### [TASK DESCRIPTION]
Go through the listing and set it down exactly, leaving out its pictures.

### [DATA TO PROCESS]
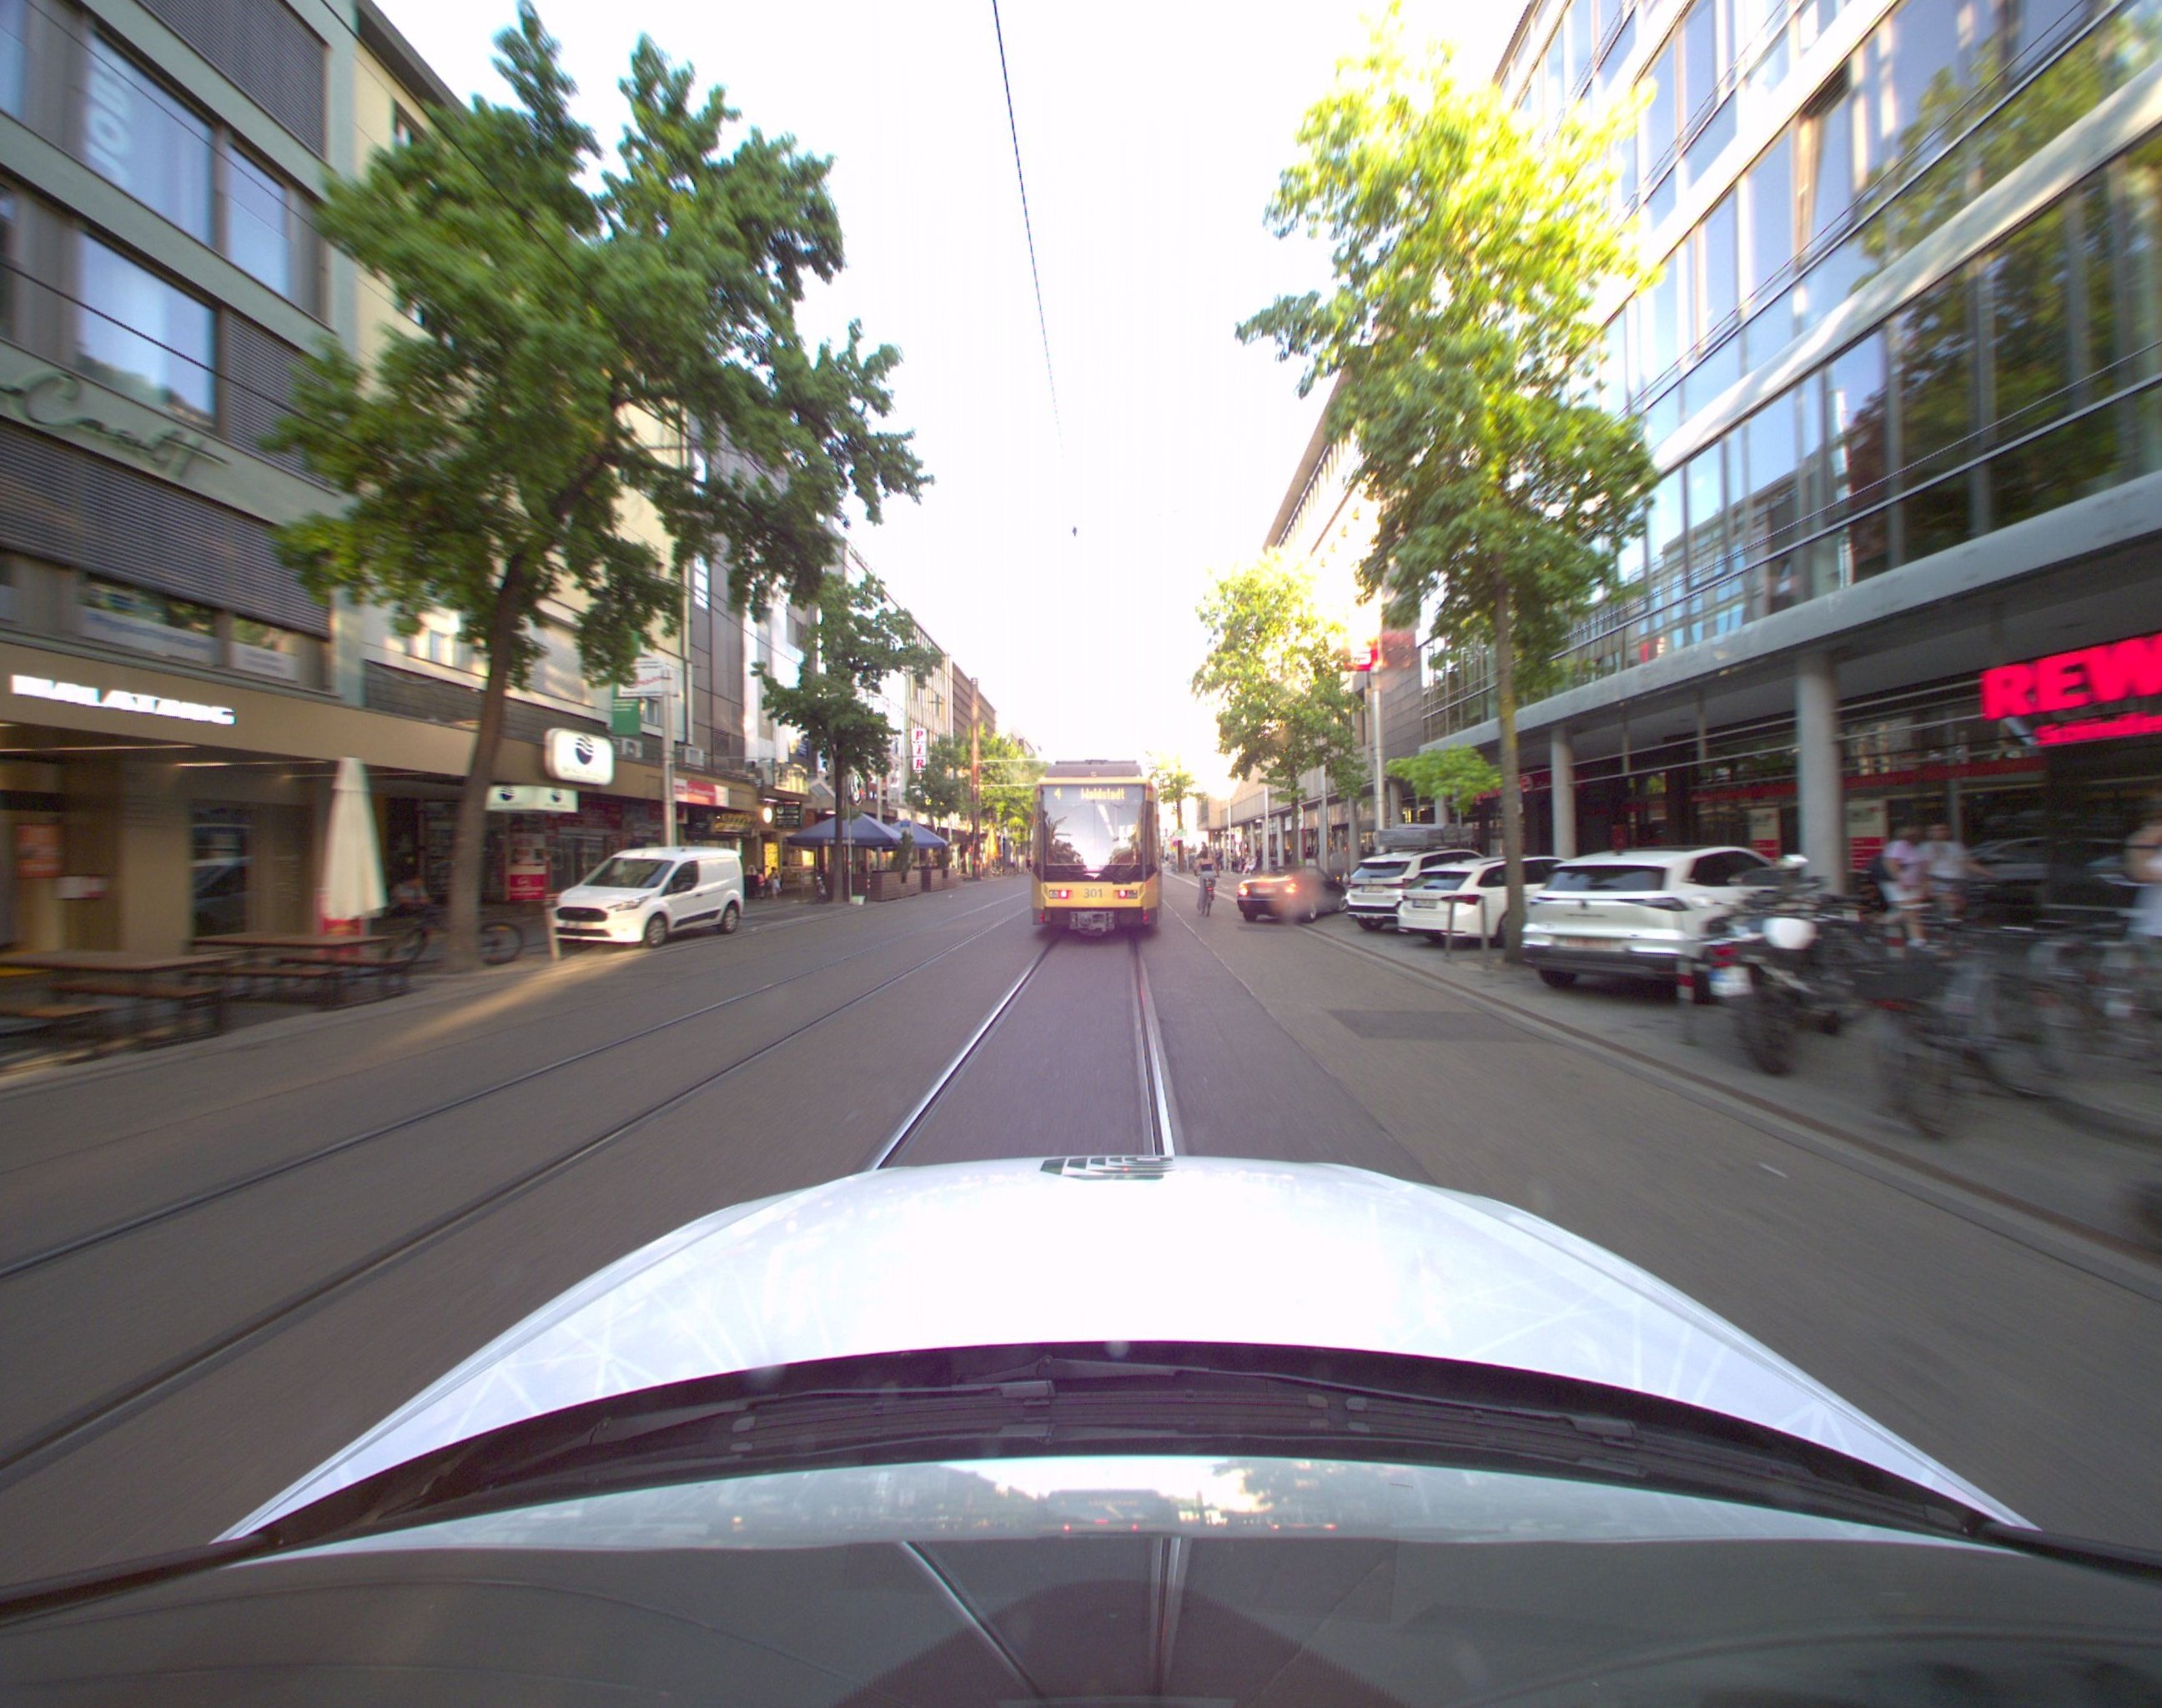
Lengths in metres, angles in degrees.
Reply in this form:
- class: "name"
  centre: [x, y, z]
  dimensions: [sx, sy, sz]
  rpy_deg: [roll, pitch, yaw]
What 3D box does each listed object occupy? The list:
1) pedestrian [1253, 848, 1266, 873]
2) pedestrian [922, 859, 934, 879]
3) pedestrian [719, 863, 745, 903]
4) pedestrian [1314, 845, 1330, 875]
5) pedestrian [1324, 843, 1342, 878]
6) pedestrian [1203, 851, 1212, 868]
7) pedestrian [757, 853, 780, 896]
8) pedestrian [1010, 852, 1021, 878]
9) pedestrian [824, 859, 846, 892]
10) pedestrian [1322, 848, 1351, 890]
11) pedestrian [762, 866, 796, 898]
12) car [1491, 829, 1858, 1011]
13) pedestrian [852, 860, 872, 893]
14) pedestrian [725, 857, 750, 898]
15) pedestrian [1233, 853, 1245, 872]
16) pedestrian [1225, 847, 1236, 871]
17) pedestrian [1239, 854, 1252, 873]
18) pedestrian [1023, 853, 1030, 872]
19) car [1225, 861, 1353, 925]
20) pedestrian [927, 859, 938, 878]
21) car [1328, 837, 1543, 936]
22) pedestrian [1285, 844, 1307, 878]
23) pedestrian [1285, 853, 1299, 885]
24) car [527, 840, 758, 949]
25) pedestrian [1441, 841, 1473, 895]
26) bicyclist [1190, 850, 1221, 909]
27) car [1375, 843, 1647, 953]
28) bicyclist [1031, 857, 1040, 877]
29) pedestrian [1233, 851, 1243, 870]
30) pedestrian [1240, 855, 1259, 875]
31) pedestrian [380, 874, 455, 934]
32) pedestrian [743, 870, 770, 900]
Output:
- class: "pedestrian"
  centre: [12.071, 0.443, 55.174]
  dimensions: [0.698, 1.637, 0.646]
  rpy_deg: [-3, 1, 3]
- class: "pedestrian"
  centre: [-10.232, 0.982, 54.527]
  dimensions: [0.571, 1.319, 0.726]
  rpy_deg: [1, -1, 3]
- class: "pedestrian"
  centre: [-11.303, 0.918, 26.368]
  dimensions: [0.520, 1.256, 0.587]
  rpy_deg: [2, -1, 3]
- class: "pedestrian"
  centre: [13.349, 0.335, 45.042]
  dimensions: [0.594, 1.616, 0.830]
  rpy_deg: [-3, 1, 3]
- class: "pedestrian"
  centre: [11.901, 0.309, 38.481]
  dimensions: [0.594, 1.616, 0.756]
  rpy_deg: [-3, 1, 3]
- class: "pedestrian"
  centre: [12.760, 0.522, 82.017]
  dimensions: [0.698, 1.684, 0.681]
  rpy_deg: [-3, 1, 3]
- class: "pedestrian"
  centre: [-12.050, 0.789, 31.430]
  dimensions: [0.601, 1.597, 0.561]
  rpy_deg: [1, -1, 4]
- class: "pedestrian"
  centre: [-4.816, 0.820, 59.937]
  dimensions: [0.749, 1.880, 0.575]
  rpy_deg: [2, -1, -2]
- class: "pedestrian"
  centre: [-9.554, 0.816, 31.581]
  dimensions: [0.601, 1.256, 0.561]
  rpy_deg: [2, -1, 4]
- class: "pedestrian"
  centre: [9.801, 0.563, 31.247]
  dimensions: [0.874, 1.581, 0.756]
  rpy_deg: [0, 1, 2]
- class: "pedestrian"
  centre: [-10.899, 1.006, 29.382]
  dimensions: [0.816, 1.120, 0.781]
  rpy_deg: [2, -1, 12]
- class: "car"
  centre: [7.080, 0.623, 9.624]
  dimensions: [4.358, 1.563, 1.859]
  rpy_deg: [-4, 0, -30]
- class: "pedestrian"
  centre: [-8.805, 0.899, 32.751]
  dimensions: [0.556, 1.256, 0.606]
  rpy_deg: [2, -1, 3]
- class: "pedestrian"
  centre: [-11.750, 0.804, 27.852]
  dimensions: [0.440, 1.373, 0.608]
  rpy_deg: [2, -1, 12]
- class: "pedestrian"
  centre: [12.047, 0.643, 62.212]
  dimensions: [0.736, 1.328, 0.721]
  rpy_deg: [-3, 1, 3]
- class: "pedestrian"
  centre: [11.383, 0.386, 61.995]
  dimensions: [0.745, 1.782, 0.892]
  rpy_deg: [0, -1, 6]
- class: "pedestrian"
  centre: [12.213, 0.702, 60.397]
  dimensions: [0.802, 1.328, 0.626]
  rpy_deg: [-3, 1, 3]
- class: "pedestrian"
  centre: [-4.946, 0.800, 73.421]
  dimensions: [0.549, 1.687, 0.575]
  rpy_deg: [2, -1, -2]
- class: "car"
  centre: [5.377, 0.906, 20.637]
  dimensions: [1.784, 1.348, 4.474]
  rpy_deg: [-1, 0, 33]
- class: "pedestrian"
  centre: [-10.163, 0.996, 55.808]
  dimensions: [0.571, 1.319, 0.726]
  rpy_deg: [1, -1, 3]
- class: "car"
  centre: [7.397, 0.610, 16.933]
  dimensions: [4.220, 1.637, 1.903]
  rpy_deg: [-4, 0, -30]
- class: "pedestrian"
  centre: [12.636, 0.406, 47.886]
  dimensions: [1.049, 1.876, 0.930]
  rpy_deg: [-3, 1, 3]
- class: "pedestrian"
  centre: [12.433, 0.897, 48.044]
  dimensions: [0.594, 1.839, 0.830]
  rpy_deg: [-3, 1, 3]
- class: "car"
  centre: [-8.355, 0.716, 16.091]
  dimensions: [1.786, 1.818, 4.521]
  rpy_deg: [1, -1, 4]
- class: "pedestrian"
  centre: [11.617, 0.431, 25.193]
  dimensions: [0.594, 1.616, 0.756]
  rpy_deg: [-3, 1, 2]
- class: "bicyclist"
  centre: [3.291, 0.658, 21.597]
  dimensions: [0.724, 1.527, 0.734]
  rpy_deg: [1, -1, 2]
- class: "car"
  centre: [7.485, 0.697, 14.211]
  dimensions: [4.187, 1.457, 1.851]
  rpy_deg: [-4, 0, -21]
- class: "bicyclist"
  centre: [-3.213, 0.913, 57.928]
  dimensions: [0.618, 1.416, 0.700]
  rpy_deg: [0, -1, 0]
- class: "pedestrian"
  centre: [13.930, 0.586, 72.211]
  dimensions: [0.698, 1.684, 0.681]
  rpy_deg: [-3, 1, 3]
- class: "pedestrian"
  centre: [11.718, 0.779, 56.640]
  dimensions: [1.107, 1.328, 0.927]
  rpy_deg: [-3, 0, 3]
- class: "pedestrian"
  centre: [-12.887, 0.955, 15.839]
  dimensions: [0.774, 1.095, 0.730]
  rpy_deg: [2, -1, 2]
- class: "pedestrian"
  centre: [-11.215, 1.066, 28.152]
  dimensions: [0.448, 1.029, 0.666]
  rpy_deg: [2, -1, 32]

### [RESULT BELOW]
Lengths in metres, angles in degrees.
Reply in this form:
- class: "name"
  centre: [x, y, z]
  dimensions: [sx, sy, sz]
  rpy_deg: [roll, pitch, yaw]
What 3D box does each listed object occupy? The list:
1) pedestrian [1253, 848, 1266, 873]
2) pedestrian [922, 859, 934, 879]
3) pedestrian [719, 863, 745, 903]
4) pedestrian [1314, 845, 1330, 875]
5) pedestrian [1324, 843, 1342, 878]
6) pedestrian [1203, 851, 1212, 868]
7) pedestrian [757, 853, 780, 896]
8) pedestrian [1010, 852, 1021, 878]
9) pedestrian [824, 859, 846, 892]
10) pedestrian [1322, 848, 1351, 890]
11) pedestrian [762, 866, 796, 898]
12) car [1491, 829, 1858, 1011]
13) pedestrian [852, 860, 872, 893]
14) pedestrian [725, 857, 750, 898]
15) pedestrian [1233, 853, 1245, 872]
16) pedestrian [1225, 847, 1236, 871]
17) pedestrian [1239, 854, 1252, 873]
18) pedestrian [1023, 853, 1030, 872]
19) car [1225, 861, 1353, 925]
20) pedestrian [927, 859, 938, 878]
21) car [1328, 837, 1543, 936]
22) pedestrian [1285, 844, 1307, 878]
23) pedestrian [1285, 853, 1299, 885]
24) car [527, 840, 758, 949]
25) pedestrian [1441, 841, 1473, 895]
26) bicyclist [1190, 850, 1221, 909]
27) car [1375, 843, 1647, 953]
28) bicyclist [1031, 857, 1040, 877]
29) pedestrian [1233, 851, 1243, 870]
30) pedestrian [1240, 855, 1259, 875]
31) pedestrian [380, 874, 455, 934]
32) pedestrian [743, 870, 770, 900]
Output:
- class: "pedestrian"
  centre: [12.071, 0.443, 55.174]
  dimensions: [0.698, 1.637, 0.646]
  rpy_deg: [-3, 1, 3]
- class: "pedestrian"
  centre: [-10.232, 0.982, 54.527]
  dimensions: [0.571, 1.319, 0.726]
  rpy_deg: [1, -1, 3]
- class: "pedestrian"
  centre: [-11.303, 0.918, 26.368]
  dimensions: [0.520, 1.256, 0.587]
  rpy_deg: [2, -1, 3]
- class: "pedestrian"
  centre: [13.349, 0.335, 45.042]
  dimensions: [0.594, 1.616, 0.830]
  rpy_deg: [-3, 1, 3]
- class: "pedestrian"
  centre: [11.901, 0.309, 38.481]
  dimensions: [0.594, 1.616, 0.756]
  rpy_deg: [-3, 1, 3]
- class: "pedestrian"
  centre: [12.760, 0.522, 82.017]
  dimensions: [0.698, 1.684, 0.681]
  rpy_deg: [-3, 1, 3]
- class: "pedestrian"
  centre: [-12.050, 0.789, 31.430]
  dimensions: [0.601, 1.597, 0.561]
  rpy_deg: [1, -1, 4]
- class: "pedestrian"
  centre: [-4.816, 0.820, 59.937]
  dimensions: [0.749, 1.880, 0.575]
  rpy_deg: [2, -1, -2]
- class: "pedestrian"
  centre: [-9.554, 0.816, 31.581]
  dimensions: [0.601, 1.256, 0.561]
  rpy_deg: [2, -1, 4]
- class: "pedestrian"
  centre: [9.801, 0.563, 31.247]
  dimensions: [0.874, 1.581, 0.756]
  rpy_deg: [0, 1, 2]
- class: "pedestrian"
  centre: [-10.899, 1.006, 29.382]
  dimensions: [0.816, 1.120, 0.781]
  rpy_deg: [2, -1, 12]
- class: "car"
  centre: [7.080, 0.623, 9.624]
  dimensions: [4.358, 1.563, 1.859]
  rpy_deg: [-4, 0, -30]
- class: "pedestrian"
  centre: [-8.805, 0.899, 32.751]
  dimensions: [0.556, 1.256, 0.606]
  rpy_deg: [2, -1, 3]
- class: "pedestrian"
  centre: [-11.750, 0.804, 27.852]
  dimensions: [0.440, 1.373, 0.608]
  rpy_deg: [2, -1, 12]
- class: "pedestrian"
  centre: [12.047, 0.643, 62.212]
  dimensions: [0.736, 1.328, 0.721]
  rpy_deg: [-3, 1, 3]
- class: "pedestrian"
  centre: [11.383, 0.386, 61.995]
  dimensions: [0.745, 1.782, 0.892]
  rpy_deg: [0, -1, 6]
- class: "pedestrian"
  centre: [12.213, 0.702, 60.397]
  dimensions: [0.802, 1.328, 0.626]
  rpy_deg: [-3, 1, 3]
- class: "pedestrian"
  centre: [-4.946, 0.800, 73.421]
  dimensions: [0.549, 1.687, 0.575]
  rpy_deg: [2, -1, -2]
- class: "car"
  centre: [5.377, 0.906, 20.637]
  dimensions: [1.784, 1.348, 4.474]
  rpy_deg: [-1, 0, 33]
- class: "pedestrian"
  centre: [-10.163, 0.996, 55.808]
  dimensions: [0.571, 1.319, 0.726]
  rpy_deg: [1, -1, 3]
- class: "car"
  centre: [7.397, 0.610, 16.933]
  dimensions: [4.220, 1.637, 1.903]
  rpy_deg: [-4, 0, -30]
- class: "pedestrian"
  centre: [12.636, 0.406, 47.886]
  dimensions: [1.049, 1.876, 0.930]
  rpy_deg: [-3, 1, 3]
- class: "pedestrian"
  centre: [12.433, 0.897, 48.044]
  dimensions: [0.594, 1.839, 0.830]
  rpy_deg: [-3, 1, 3]
- class: "car"
  centre: [-8.355, 0.716, 16.091]
  dimensions: [1.786, 1.818, 4.521]
  rpy_deg: [1, -1, 4]
- class: "pedestrian"
  centre: [11.617, 0.431, 25.193]
  dimensions: [0.594, 1.616, 0.756]
  rpy_deg: [-3, 1, 2]
- class: "bicyclist"
  centre: [3.291, 0.658, 21.597]
  dimensions: [0.724, 1.527, 0.734]
  rpy_deg: [1, -1, 2]
- class: "car"
  centre: [7.485, 0.697, 14.211]
  dimensions: [4.187, 1.457, 1.851]
  rpy_deg: [-4, 0, -21]
- class: "bicyclist"
  centre: [-3.213, 0.913, 57.928]
  dimensions: [0.618, 1.416, 0.700]
  rpy_deg: [0, -1, 0]
- class: "pedestrian"
  centre: [13.930, 0.586, 72.211]
  dimensions: [0.698, 1.684, 0.681]
  rpy_deg: [-3, 1, 3]
- class: "pedestrian"
  centre: [11.718, 0.779, 56.640]
  dimensions: [1.107, 1.328, 0.927]
  rpy_deg: [-3, 0, 3]
- class: "pedestrian"
  centre: [-12.887, 0.955, 15.839]
  dimensions: [0.774, 1.095, 0.730]
  rpy_deg: [2, -1, 2]
- class: "pedestrian"
  centre: [-11.215, 1.066, 28.152]
  dimensions: [0.448, 1.029, 0.666]
  rpy_deg: [2, -1, 32]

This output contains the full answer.